Michael Mauer hinterlässt ein wohlgeordnetes Haus. Er hat Porsche durch zwei Jahrzehnte des Wachstums begleitet und das Design als eine der stärksten Säulen des Unternehmens etabliert. Sein Abgang erfolgt auf dem Höhepunkt seines Wirkens, nachdem er die ersten Schritte in die elektrische Zukunft erfolgreich gestaltet hat. Er wird seinem Nachfolger noch für eine Übergangszeit beratend zur Seite stehen, um einen reibungslosen Wissenstransfer zu gewährleisten. Dies unterstreicht die Bedeutung, die Porsche der Kontinuität beimisst.
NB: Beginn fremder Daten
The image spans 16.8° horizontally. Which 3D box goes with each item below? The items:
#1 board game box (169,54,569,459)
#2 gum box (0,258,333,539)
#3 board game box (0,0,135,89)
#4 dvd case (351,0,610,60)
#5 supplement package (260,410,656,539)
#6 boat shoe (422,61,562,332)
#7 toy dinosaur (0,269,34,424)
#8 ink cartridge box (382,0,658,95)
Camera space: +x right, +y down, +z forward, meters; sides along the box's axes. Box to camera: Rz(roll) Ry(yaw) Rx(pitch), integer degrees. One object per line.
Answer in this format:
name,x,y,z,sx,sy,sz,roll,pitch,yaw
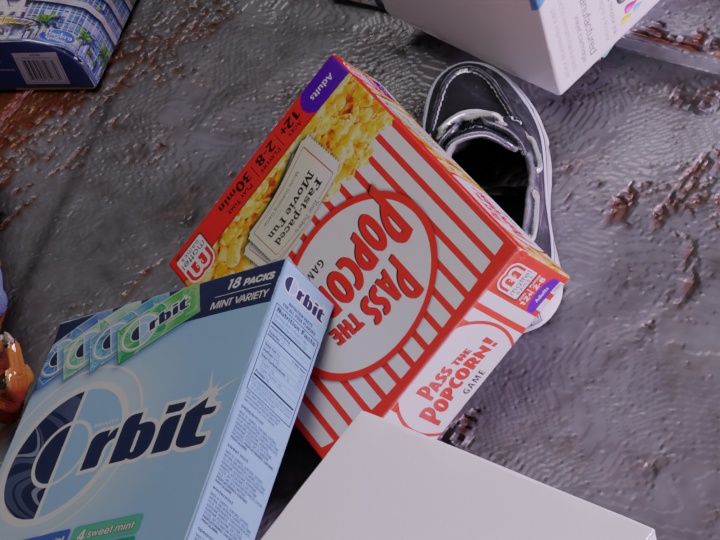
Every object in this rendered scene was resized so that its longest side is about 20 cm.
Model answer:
board game box,0.000,0.000,1.287,0.152,0.046,0.200,-52,46,10
gum box,-0.114,0.099,1.238,0.170,0.045,0.200,-16,41,38
board game box,-0.240,-0.208,1.604,0.200,0.062,0.200,1,49,21
dvd case,0.095,-0.204,1.506,0.200,0.022,0.146,16,56,32
supplement package,0.041,0.195,1.023,0.152,0.200,0.151,20,58,33
boat shoe,0.067,-0.057,1.345,0.072,0.068,0.200,-13,46,8
toy dinosaur,-0.214,0.003,1.368,0.200,0.105,0.182,-15,66,-52
ink cartridge box,0.115,-0.237,1.412,0.146,0.147,0.200,30,63,36
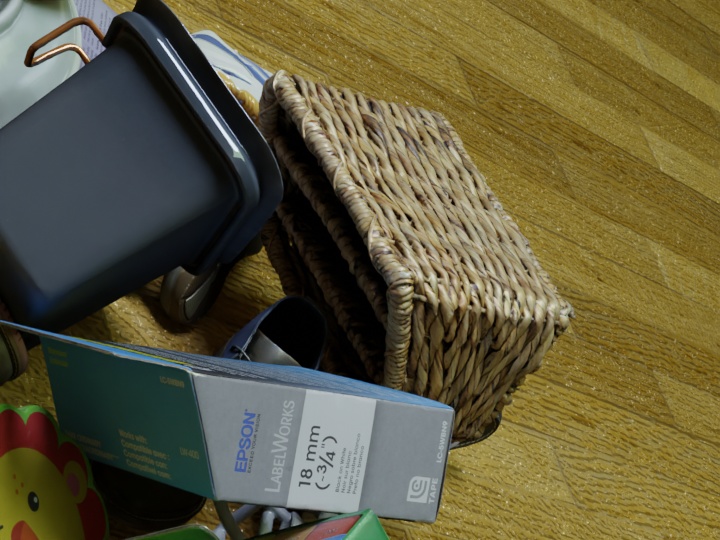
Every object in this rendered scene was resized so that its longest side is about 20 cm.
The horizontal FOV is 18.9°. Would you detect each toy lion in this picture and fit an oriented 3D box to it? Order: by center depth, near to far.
[{"bbox_3d":[-0.175,0.142,0.979,0.192,0.069,0.200,54,32,-45],"label":"toy lion"}]

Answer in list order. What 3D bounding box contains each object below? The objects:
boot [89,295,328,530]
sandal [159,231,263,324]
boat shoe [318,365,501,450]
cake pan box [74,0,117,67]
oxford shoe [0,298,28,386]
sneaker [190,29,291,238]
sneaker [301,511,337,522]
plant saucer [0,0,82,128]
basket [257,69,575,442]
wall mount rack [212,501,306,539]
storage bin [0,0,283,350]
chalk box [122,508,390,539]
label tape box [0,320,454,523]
[{"bbox_3d":[-0.083,0.071,1.196,0.075,0.097,0.200,39,23,4],"label":"boot"},{"bbox_3d":[-0.093,-0.036,1.377,0.054,0.080,0.200,19,33,10],"label":"sandal"},{"bbox_3d":[0.022,0.093,1.404,0.200,0.067,0.057,20,34,-41],"label":"boat shoe"},{"bbox_3d":[-0.182,-0.109,1.324,0.184,0.052,0.200,42,27,-29],"label":"cake pan box"},{"bbox_3d":[-0.248,0.003,1.068,0.200,0.071,0.074,46,56,-27],"label":"oxford shoe"},{"bbox_3d":[-0.052,-0.093,1.504,0.200,0.075,0.088,44,26,-23],"label":"sneaker"},{"bbox_3d":[-0.017,0.108,1.233,0.079,0.074,0.200,48,-17,5],"label":"sneaker"},{"bbox_3d":[-0.241,-0.157,1.190,0.200,0.050,0.200,17,50,-21],"label":"plant saucer"},{"bbox_3d":[0.000,0.000,1.289,0.149,0.143,0.200,11,38,-43],"label":"basket"},{"bbox_3d":[-0.037,0.210,1.151,0.200,0.075,0.174,47,22,-14],"label":"wall mount rack"},{"bbox_3d":[-0.147,-0.044,1.120,0.146,0.134,0.200,55,-20,2],"label":"storage bin"},{"bbox_3d":[-0.040,0.198,1.016,0.124,0.124,0.200,-43,110,-47],"label":"chalk box"},{"bbox_3d":[-0.077,0.073,1.058,0.200,0.144,0.063,11,89,-37],"label":"label tape box"}]
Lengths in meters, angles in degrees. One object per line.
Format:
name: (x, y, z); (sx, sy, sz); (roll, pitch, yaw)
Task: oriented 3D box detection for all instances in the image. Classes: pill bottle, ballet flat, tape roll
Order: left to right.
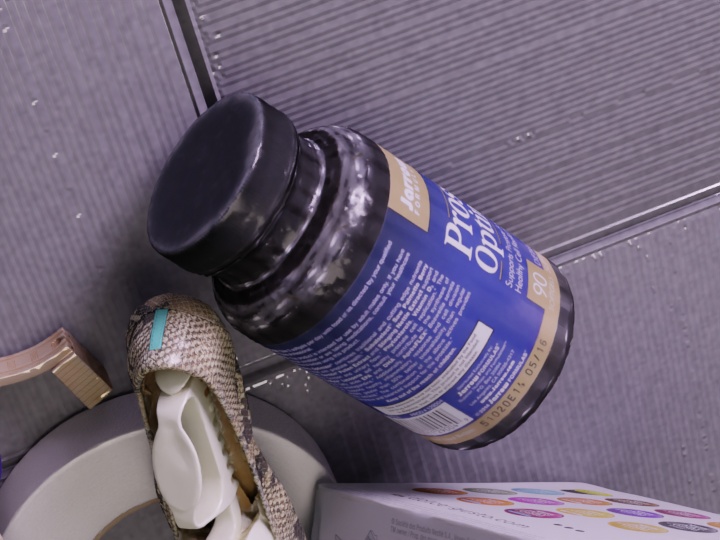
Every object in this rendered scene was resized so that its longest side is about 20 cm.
tape roll: (-0.102, 0.154, 0.990); (0.202, 0.037, 0.204); (-9, 121, -15)
ballet flat: (-0.075, 0.107, 0.902); (0.067, 0.075, 0.201); (-7, 125, 12)
pill bottle: (0.000, 0.000, 0.889); (0.200, 0.112, 0.112); (32, 105, -31)

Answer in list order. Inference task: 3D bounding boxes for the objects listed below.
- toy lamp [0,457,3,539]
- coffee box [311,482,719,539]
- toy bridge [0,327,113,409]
toy lamp: (-0.175, 0.176, 0.924); (0.058, 0.058, 0.201); (-20, 121, -6)
coffee box: (0.100, 0.221, 0.942); (0.197, 0.199, 0.201); (5, 91, -34)
toy bridge: (-0.222, 0.095, 0.920); (0.200, 0.027, 0.067); (-38, 121, 5)
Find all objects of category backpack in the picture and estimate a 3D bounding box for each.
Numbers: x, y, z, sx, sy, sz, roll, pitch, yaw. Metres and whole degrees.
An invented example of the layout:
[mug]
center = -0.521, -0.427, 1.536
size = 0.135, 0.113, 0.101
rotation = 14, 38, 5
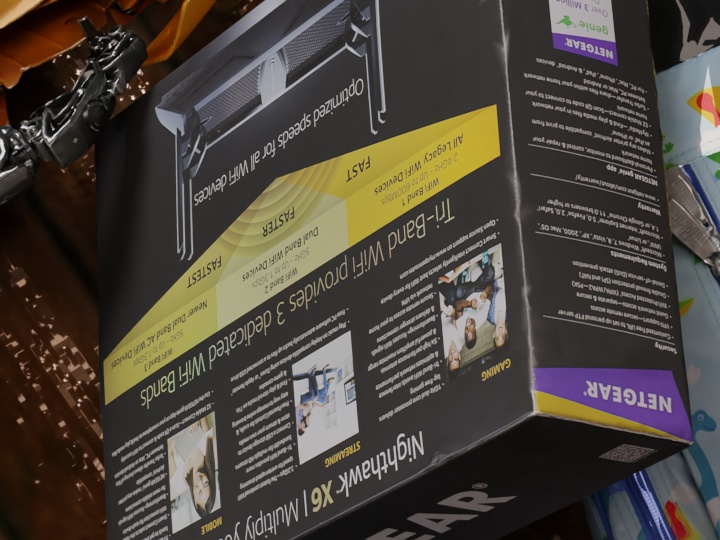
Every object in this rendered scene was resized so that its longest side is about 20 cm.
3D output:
[backpack]
center = 0.117, 0.033, 0.794
size = 0.153, 0.163, 0.200
rotation = -37, 71, 7

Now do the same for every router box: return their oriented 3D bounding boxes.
[router box]
center = 0.000, 0.000, 0.776
size = 0.052, 0.200, 0.158
rotation = 12, 63, -33

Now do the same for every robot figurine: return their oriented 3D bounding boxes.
[robot figurine]
center = -0.106, -0.090, 0.872
size = 0.144, 0.058, 0.200
rotation = 27, 67, 28
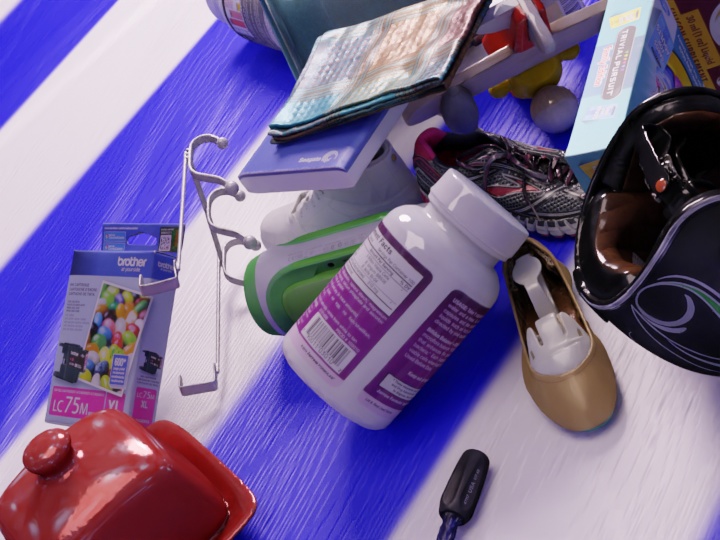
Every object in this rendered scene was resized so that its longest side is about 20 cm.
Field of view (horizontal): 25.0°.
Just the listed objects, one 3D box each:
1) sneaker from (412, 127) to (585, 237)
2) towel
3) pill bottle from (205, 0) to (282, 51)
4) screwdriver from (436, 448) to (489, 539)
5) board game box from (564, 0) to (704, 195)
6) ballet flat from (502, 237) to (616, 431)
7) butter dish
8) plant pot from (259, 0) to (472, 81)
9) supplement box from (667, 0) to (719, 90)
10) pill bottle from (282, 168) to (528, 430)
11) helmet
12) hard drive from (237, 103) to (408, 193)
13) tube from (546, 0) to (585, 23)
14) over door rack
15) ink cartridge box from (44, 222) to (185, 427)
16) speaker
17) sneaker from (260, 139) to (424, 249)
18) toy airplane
[{"bbox_3d":[0.137,-0.080,1.398,0.200,0.075,0.081,3,46,24],"label":"sneaker"},{"bbox_3d":[0.017,-0.183,1.413,0.200,0.022,0.147,-13,38,40],"label":"towel"},{"bbox_3d":[-0.091,-0.309,1.844,0.116,0.116,0.200,-45,36,-15],"label":"pill bottle"},{"bbox_3d":[0.054,0.213,1.173,0.028,0.029,0.200,-5,48,36],"label":"screwdriver"},{"bbox_3d":[0.230,-0.107,1.300,0.047,0.151,0.200,-10,41,30],"label":"board game box"},{"bbox_3d":[0.145,0.045,1.264,0.069,0.063,0.200,-27,35,8],"label":"ballet flat"},{"bbox_3d":[-0.219,0.186,1.320,0.200,0.148,0.199,-42,36,-12],"label":"butter dish"},{"bbox_3d":[0.011,-0.263,1.653,0.196,0.200,0.200,-25,35,0],"label":"plant pot"},{"bbox_3d":[0.357,-0.252,1.391,0.200,0.131,0.103,-20,38,21],"label":"supplement box"},{"bbox_3d":[0.039,0.020,1.295,0.200,0.112,0.112,-49,33,9],"label":"pill bottle"},{"bbox_3d":[0.267,-0.021,1.132,0.200,0.191,0.200,-164,90,-72],"label":"helmet"},{"bbox_3d":[-0.011,-0.150,1.457,0.132,0.025,0.200,-1,46,43],"label":"hard drive"},{"bbox_3d":[0.162,-0.314,1.565,0.052,0.200,0.058,-33,35,-2],"label":"tube"},{"bbox_3d":[-0.131,-0.006,1.472,0.067,0.148,0.200,-2,44,14],"label":"over door rack"},{"bbox_3d":[-0.228,0.050,1.506,0.119,0.042,0.200,2,78,41],"label":"ink cartridge box"},{"bbox_3d":[0.000,0.000,1.419,0.200,0.088,0.088,-15,39,26],"label":"speaker"},{"bbox_3d":[-0.032,-0.076,1.514,0.200,0.116,0.074,-9,44,35],"label":"sneaker"},{"bbox_3d":[0.159,-0.192,1.474,0.200,0.141,0.199,-25,1,43],"label":"toy airplane"}]
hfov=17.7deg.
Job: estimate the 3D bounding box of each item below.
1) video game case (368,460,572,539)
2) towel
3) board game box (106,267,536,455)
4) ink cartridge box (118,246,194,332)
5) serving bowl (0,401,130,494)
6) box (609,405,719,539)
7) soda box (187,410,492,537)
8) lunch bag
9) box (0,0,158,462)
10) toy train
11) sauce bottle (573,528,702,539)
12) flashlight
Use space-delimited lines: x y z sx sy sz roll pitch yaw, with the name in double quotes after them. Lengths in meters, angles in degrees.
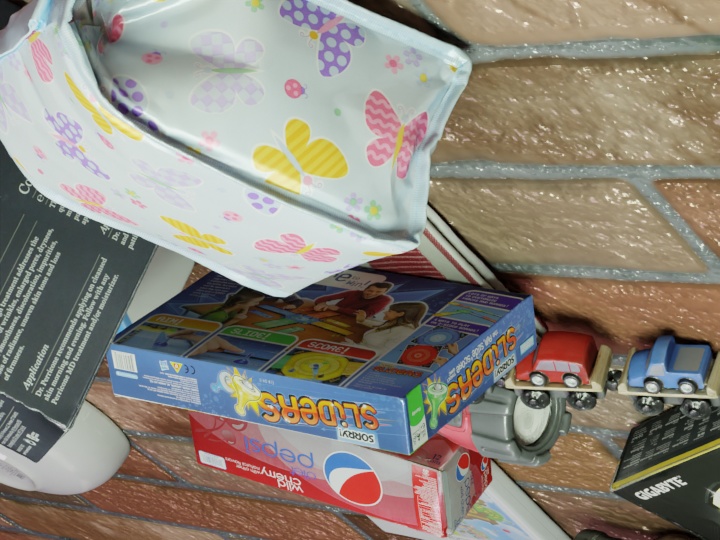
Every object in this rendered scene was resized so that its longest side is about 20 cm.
0.040 0.153 1.671 0.181 0.022 0.200 7 153 39 "video game case"
0.000 0.000 1.351 0.199 0.023 0.144 0 146 44 "towel"
-0.022 0.041 1.269 0.199 0.135 0.035 9 118 34 "board game box"
-0.217 -0.033 1.419 0.199 0.084 0.145 19 159 16 "ink cartridge box"
-0.296 0.137 1.947 0.199 0.066 0.200 21 160 8 "serving bowl"
0.256 0.127 1.334 0.159 0.050 0.200 27 159 -11 "box"
-0.014 0.111 1.539 0.199 0.070 0.064 15 131 26 "soda box"
-0.074 -0.081 1.093 0.199 0.128 0.169 21 164 -18 "lunch bag"
-0.203 -0.031 1.246 0.181 0.201 0.104 28 160 -9 "box"
0.115 0.054 1.295 0.198 0.034 0.046 2 133 24 "toy train"
0.232 0.213 1.543 0.199 0.065 0.065 8 154 36 "sauce bottle"
0.036 0.073 1.432 0.199 0.068 0.068 10 146 45 "flashlight"
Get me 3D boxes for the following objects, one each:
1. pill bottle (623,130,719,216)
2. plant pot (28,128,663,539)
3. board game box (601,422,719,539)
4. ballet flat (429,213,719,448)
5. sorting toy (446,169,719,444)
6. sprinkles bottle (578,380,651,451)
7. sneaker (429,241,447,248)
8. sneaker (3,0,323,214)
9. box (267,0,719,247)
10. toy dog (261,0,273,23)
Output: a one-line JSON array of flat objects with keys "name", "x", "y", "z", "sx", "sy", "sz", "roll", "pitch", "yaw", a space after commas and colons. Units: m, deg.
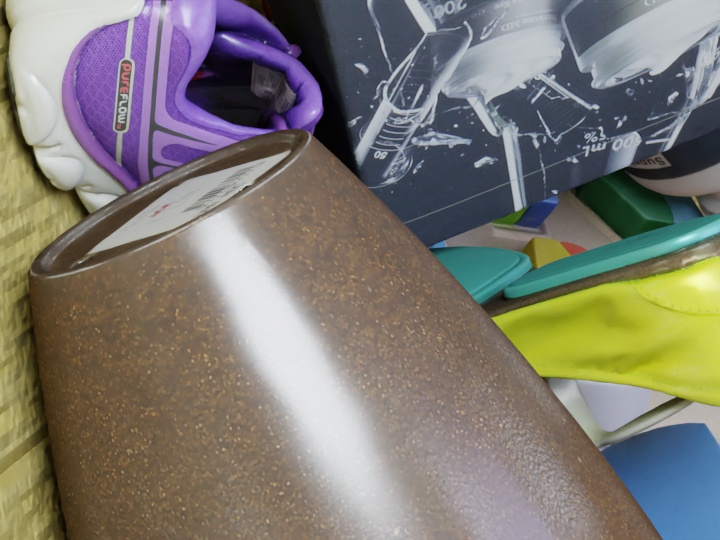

Tobias Sühlmann steht nun vor der Aufgabe, die Marke in die nächste Phase zu führen. Er muss beweisen, dass er nicht nur exklusive Kleinserien wie den Bentley Batur entwerfen kann, sondern eine globale Marke mit einem Volumen von über 300.000 Fahrzeugen pro Jahr gestalterisch zusammenhält. Die Erwartungen sind immens, und der Spielraum für Fehler ist gering. Porsche ist ein Unternehmen, das von seinem Mythos lebt, und dieser Mythos wird zu einem großen Teil durch die Formgebung genährt. Ob Sühlmann als der Mann in die Geschichte eingehen wird, der den 911 erfolgreich neu erfunden hat, oder ob er an den hohen Erwartungen der Traditionalisten scheitert, wird sich in den nächsten Jahren zeigen. Sicher ist nur, dass die Ära Mauer als eine der erfolgreichsten Perioden in die Annalen von Porsche eingehen wird und Sühlmann nun die Chance hat, seine eigene, unverwechselbare Spur in Zuffenhausen zu hinterlassen.